◆ WORK REQUIRED:
Pictures in the data below are not part of the copy; transcribe everything else exactly.

◆ SOURCE INFORMATION:
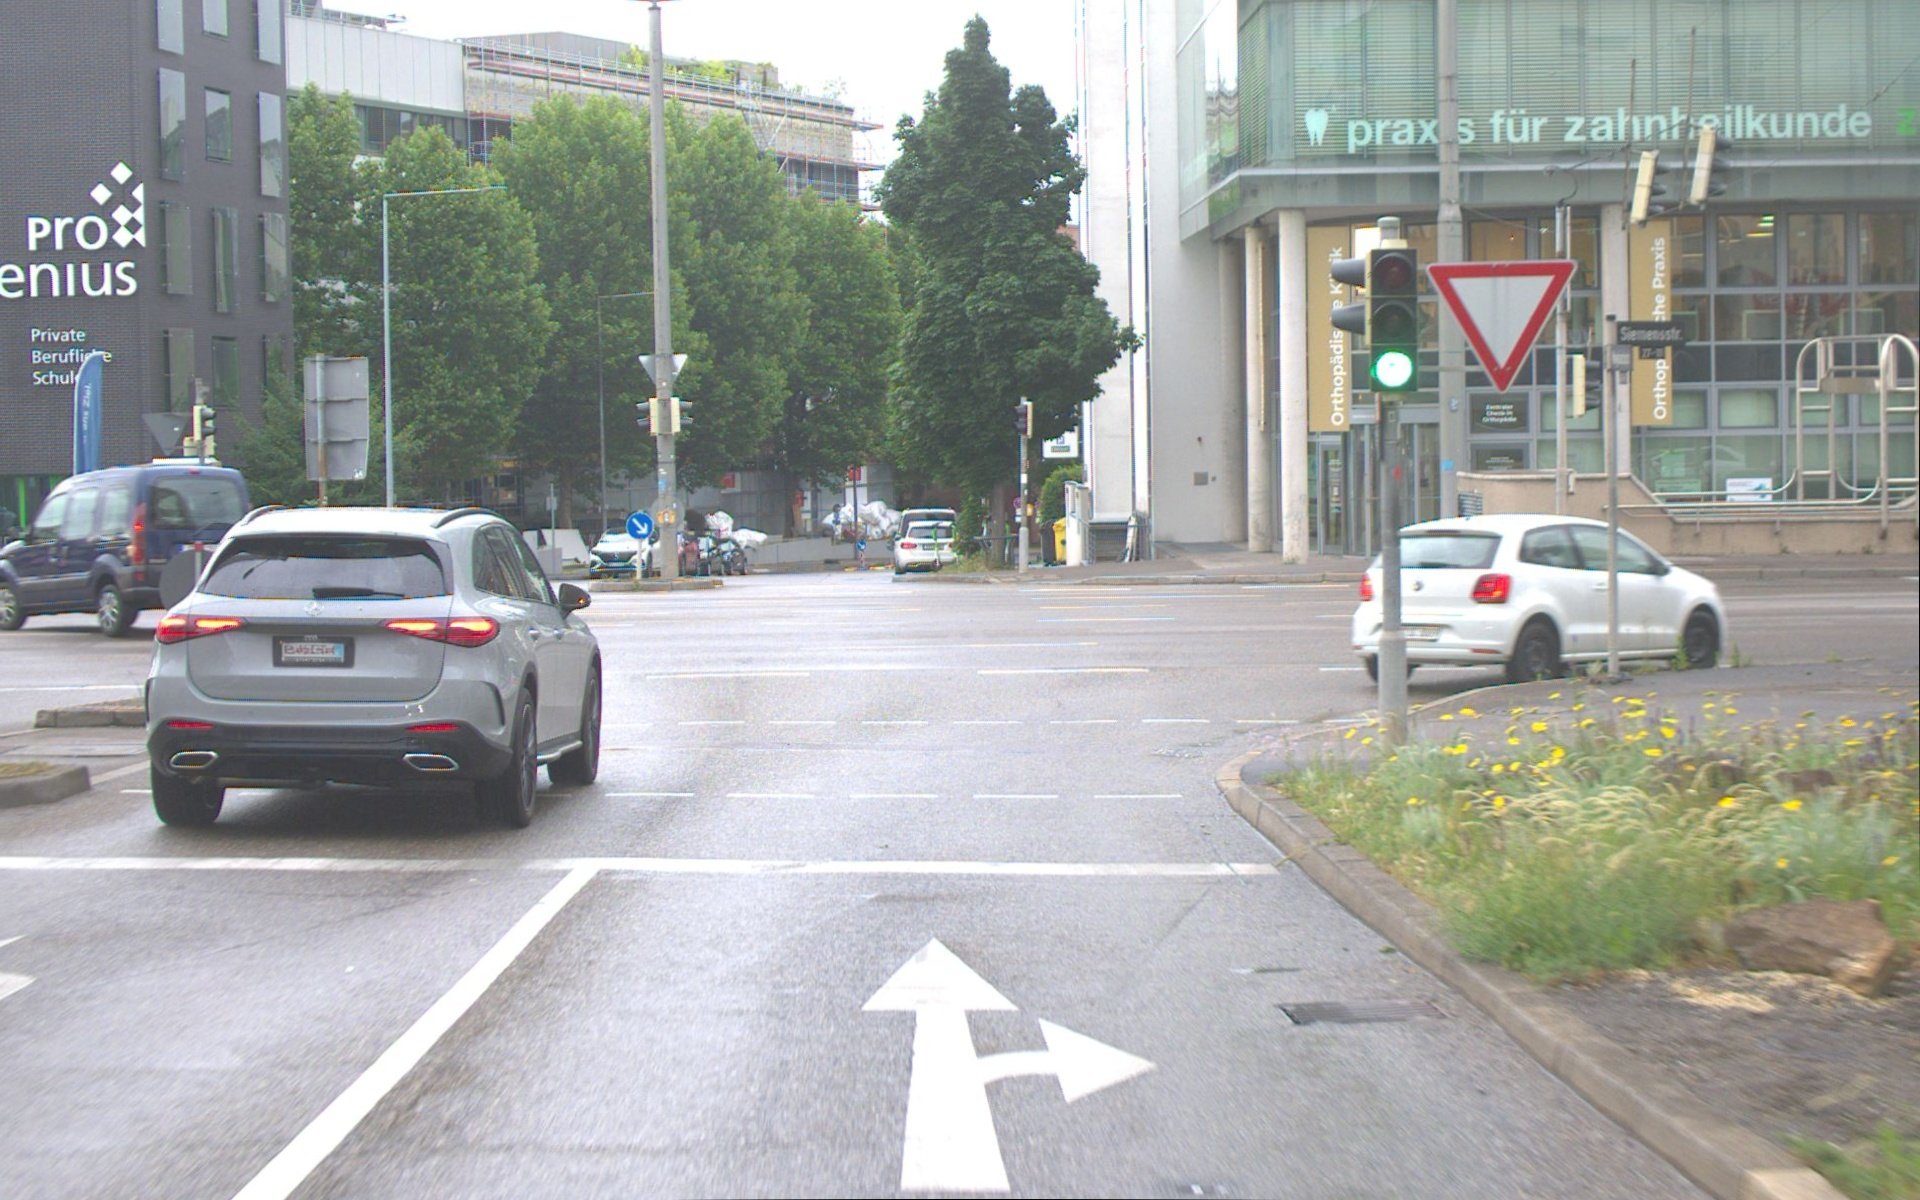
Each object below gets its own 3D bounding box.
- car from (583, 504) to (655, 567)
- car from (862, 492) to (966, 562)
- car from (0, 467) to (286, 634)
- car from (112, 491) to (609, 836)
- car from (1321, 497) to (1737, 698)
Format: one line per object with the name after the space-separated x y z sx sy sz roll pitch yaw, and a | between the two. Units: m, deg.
-11.220 -2.126 113.323 1.993 2.007 4.000 1 1 -1 | car
-1.211 -1.868 88.233 1.993 1.711 4.001 1 1 -10 | car
-9.402 -0.579 38.610 1.853 1.762 4.130 -2 2 -39 | car
-3.109 0.255 18.680 1.908 1.626 4.211 1 1 0 | car
4.951 -0.077 29.651 1.675 1.468 3.770 3 5 44 | car
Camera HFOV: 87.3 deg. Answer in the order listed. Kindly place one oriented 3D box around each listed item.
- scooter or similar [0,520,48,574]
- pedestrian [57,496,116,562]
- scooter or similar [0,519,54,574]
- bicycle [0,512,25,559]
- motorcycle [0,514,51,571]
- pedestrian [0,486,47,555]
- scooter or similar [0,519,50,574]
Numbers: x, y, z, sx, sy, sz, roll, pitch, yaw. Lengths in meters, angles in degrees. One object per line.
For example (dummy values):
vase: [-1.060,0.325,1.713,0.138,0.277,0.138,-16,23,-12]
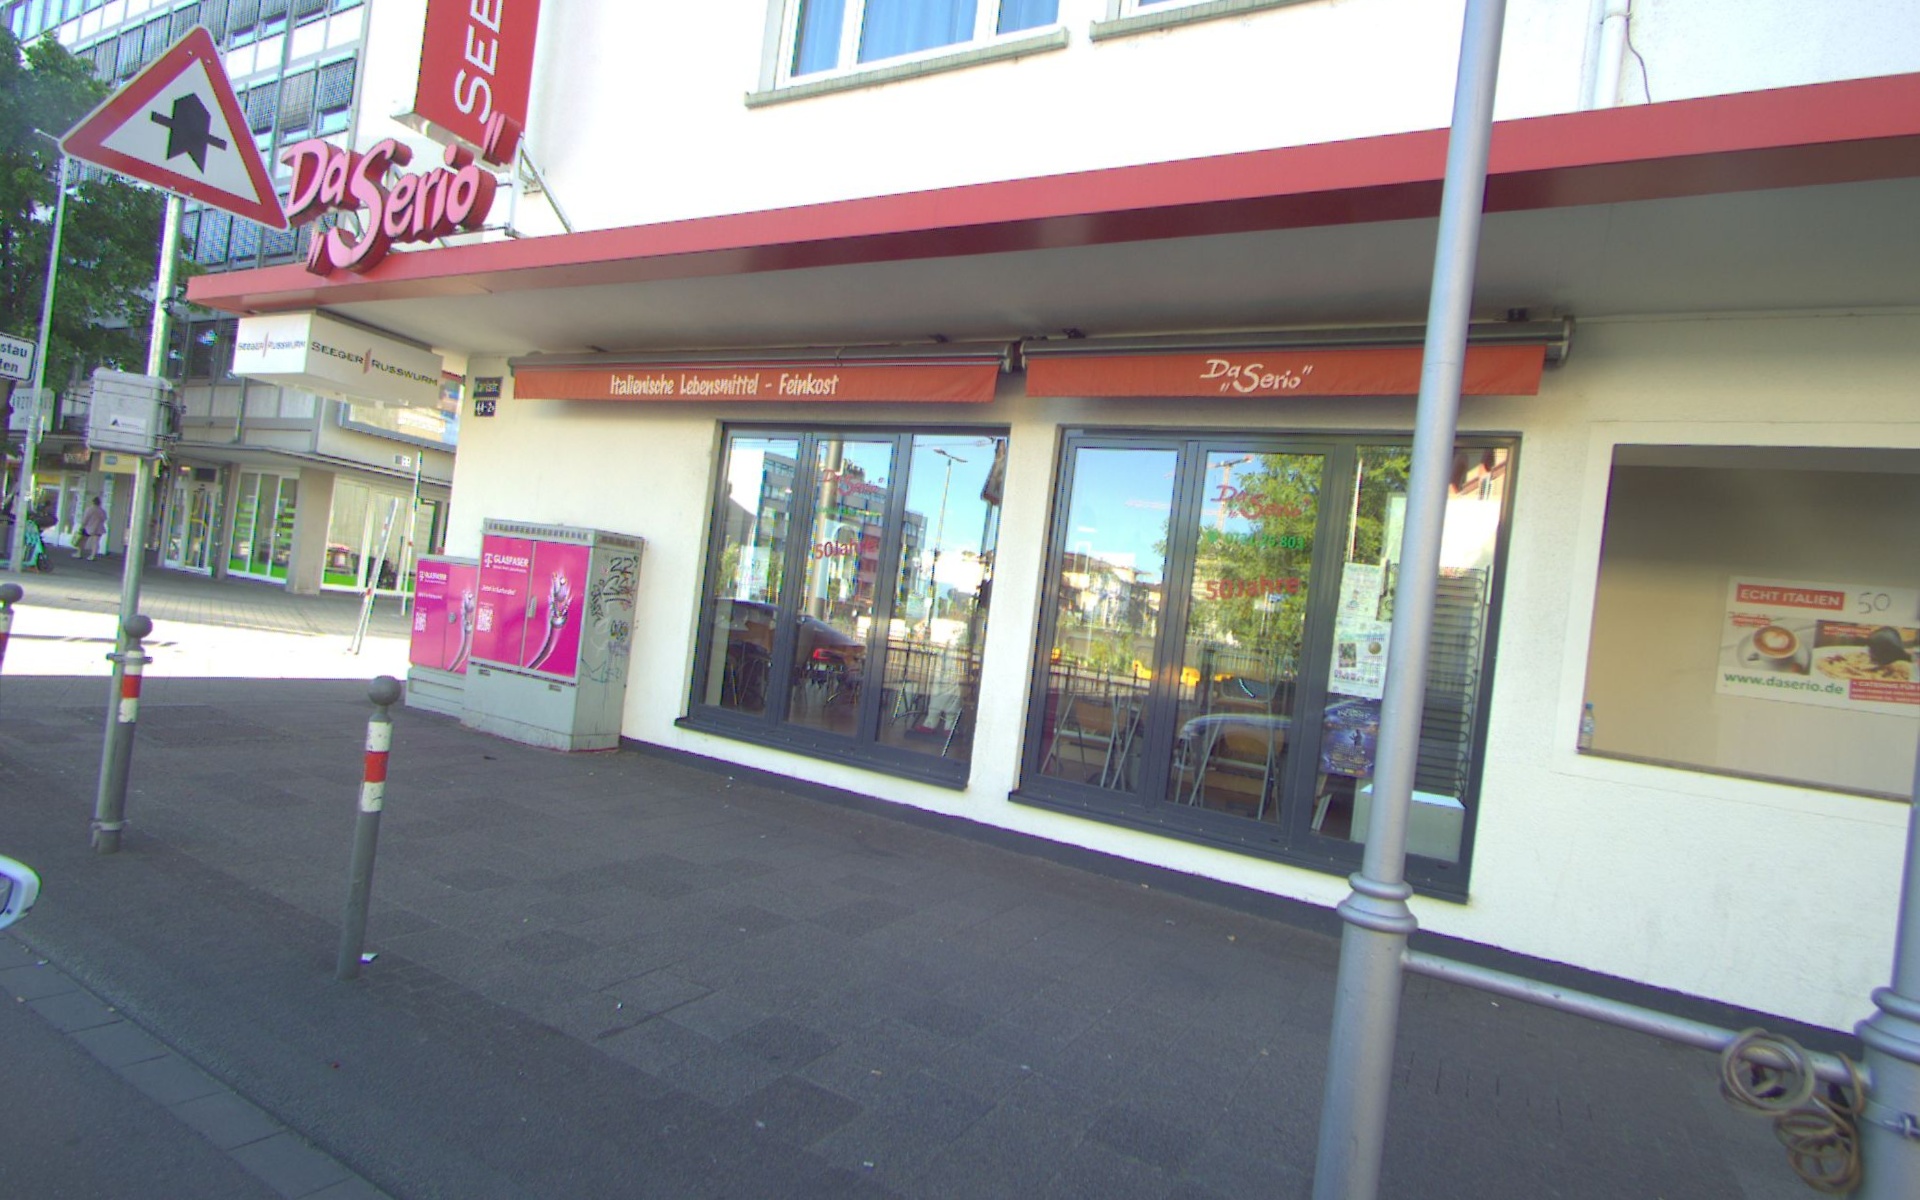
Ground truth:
scooter or similar: [-20.040,-1.134,21.307,0.157,1.039,0.964,7,-1,34]
pedestrian: [-23.793,-1.928,27.419,0.865,1.621,0.844,6,-1,31]
scooter or similar: [-19.714,-1.122,21.086,0.157,1.056,0.964,7,-1,34]
bicycle: [-23.228,-1.589,23.581,0.392,1.069,1.856,7,0,21]
motorcycle: [-21.522,-1.351,22.352,0.495,1.142,1.791,7,-2,29]
pedestrian: [-25.647,-2.157,27.346,0.865,1.727,0.844,6,-1,31]
scooter or similar: [-19.876,-1.127,21.196,0.157,1.051,0.957,7,-1,34]
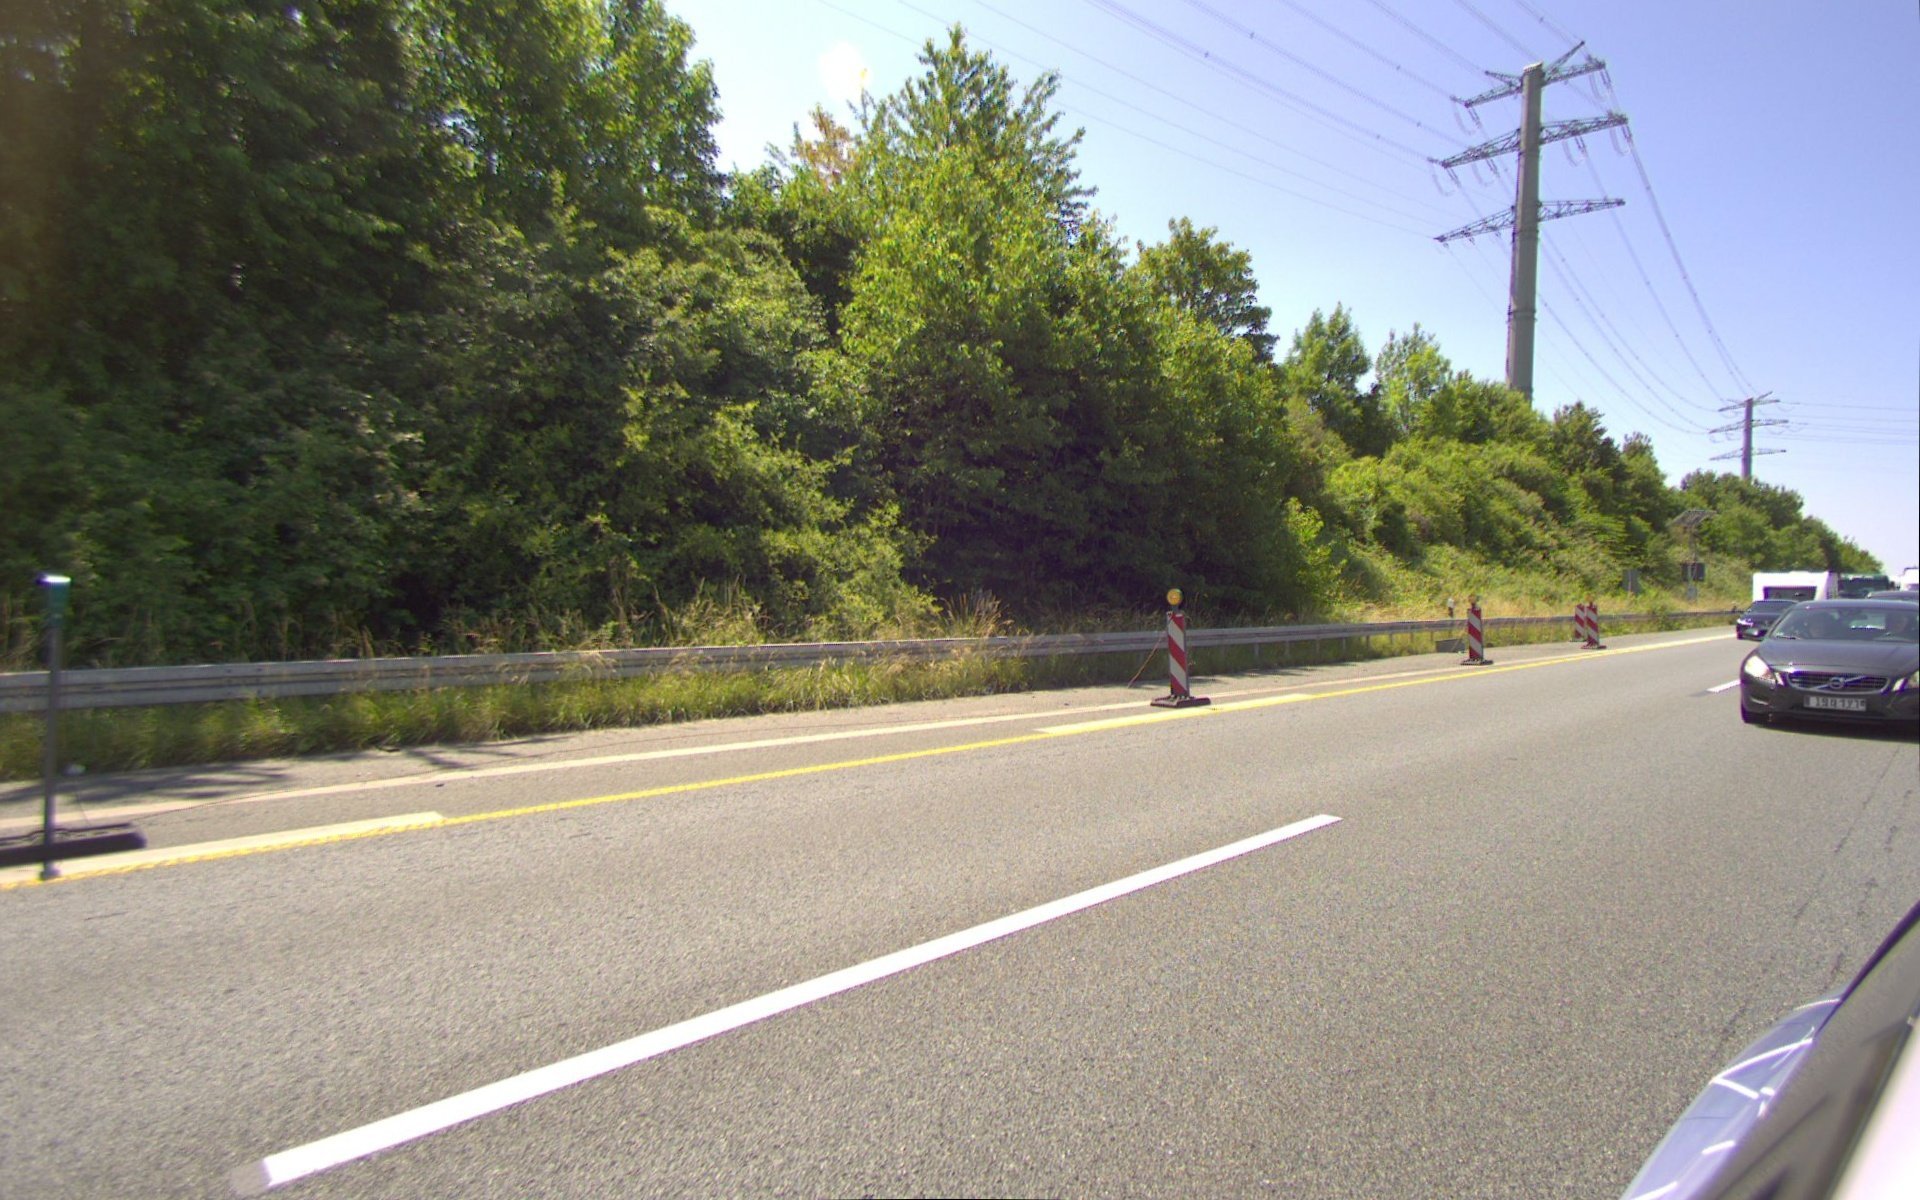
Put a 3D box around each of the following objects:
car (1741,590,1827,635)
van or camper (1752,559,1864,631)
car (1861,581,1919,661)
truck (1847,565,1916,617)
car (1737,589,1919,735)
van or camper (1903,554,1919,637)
[{"bbox_3d":[29.203,0.400,35.841,4.139,1.425,1.798,0,2,-43],"label":"car"},{"bbox_3d":[33.754,-0.223,40.135,8.275,2.596,2.429,0,1,-43],"label":"van or camper"},{"bbox_3d":[21.700,0.432,22.704,4.085,1.689,1.743,0,1,-41],"label":"car"},{"bbox_3d":[60.167,-0.543,66.033,7.514,3.181,2.428,0,-1,-41],"label":"truck"},{"bbox_3d":[10.692,0.610,11.936,3.932,1.459,1.796,0,1,-43],"label":"car"},{"bbox_3d":[33.270,-0.126,33.837,5.532,2.652,1.997,0,2,-42],"label":"van or camper"}]

◆ TASK RESPONSE:
Each object below gets its own 3D bounding box.
- car from (583, 504) to (655, 567)
- car from (862, 492) to (966, 562)
- car from (0, 467) to (286, 634)
- car from (112, 491) to (609, 836)
- car from (1321, 497) to (1737, 698)
Format: one line per object with the name after the space-separated x y z sx sy sz roll pitch yaw, and a | between the two. Units: m, deg.
-11.220 -2.126 113.323 1.993 2.007 4.000 1 1 -1 | car
-1.211 -1.868 88.233 1.993 1.711 4.001 1 1 -10 | car
-9.402 -0.579 38.610 1.853 1.762 4.130 -2 2 -39 | car
-3.109 0.255 18.680 1.908 1.626 4.211 1 1 0 | car
4.951 -0.077 29.651 1.675 1.468 3.770 3 5 44 | car
Camera HFOV: 87.3 deg. Answer in the order listed. Kindly place one oriented 3D box around each listed item.
- scooter or similar [0,520,48,574]
- pedestrian [57,496,116,562]
- scooter or similar [0,519,54,574]
- bicycle [0,512,25,559]
- motorcycle [0,514,51,571]
- pedestrian [0,486,47,555]
- scooter or similar [0,519,50,574]
Numbers: x, y, z, sx, sy, sz, roll, pitch, yaw. Lengths in meters, angles in degrees. One object per line.
For example (dummy values):
vase: [-1.060,0.325,1.713,0.138,0.277,0.138,-16,23,-12]
Ground truth:
scooter or similar: [-20.040,-1.134,21.307,0.157,1.039,0.964,7,-1,34]
pedestrian: [-23.793,-1.928,27.419,0.865,1.621,0.844,6,-1,31]
scooter or similar: [-19.714,-1.122,21.086,0.157,1.056,0.964,7,-1,34]
bicycle: [-23.228,-1.589,23.581,0.392,1.069,1.856,7,0,21]
motorcycle: [-21.522,-1.351,22.352,0.495,1.142,1.791,7,-2,29]
pedestrian: [-25.647,-2.157,27.346,0.865,1.727,0.844,6,-1,31]
scooter or similar: [-19.876,-1.127,21.196,0.157,1.051,0.957,7,-1,34]
Put a 3D box around each of the following objects:
car (1741,590,1827,635)
van or camper (1752,559,1864,631)
car (1861,581,1919,661)
truck (1847,565,1916,617)
car (1737,589,1919,735)
van or camper (1903,554,1919,637)
[{"bbox_3d":[29.203,0.400,35.841,4.139,1.425,1.798,0,2,-43],"label":"car"},{"bbox_3d":[33.754,-0.223,40.135,8.275,2.596,2.429,0,1,-43],"label":"van or camper"},{"bbox_3d":[21.700,0.432,22.704,4.085,1.689,1.743,0,1,-41],"label":"car"},{"bbox_3d":[60.167,-0.543,66.033,7.514,3.181,2.428,0,-1,-41],"label":"truck"},{"bbox_3d":[10.692,0.610,11.936,3.932,1.459,1.796,0,1,-43],"label":"car"},{"bbox_3d":[33.270,-0.126,33.837,5.532,2.652,1.997,0,2,-42],"label":"van or camper"}]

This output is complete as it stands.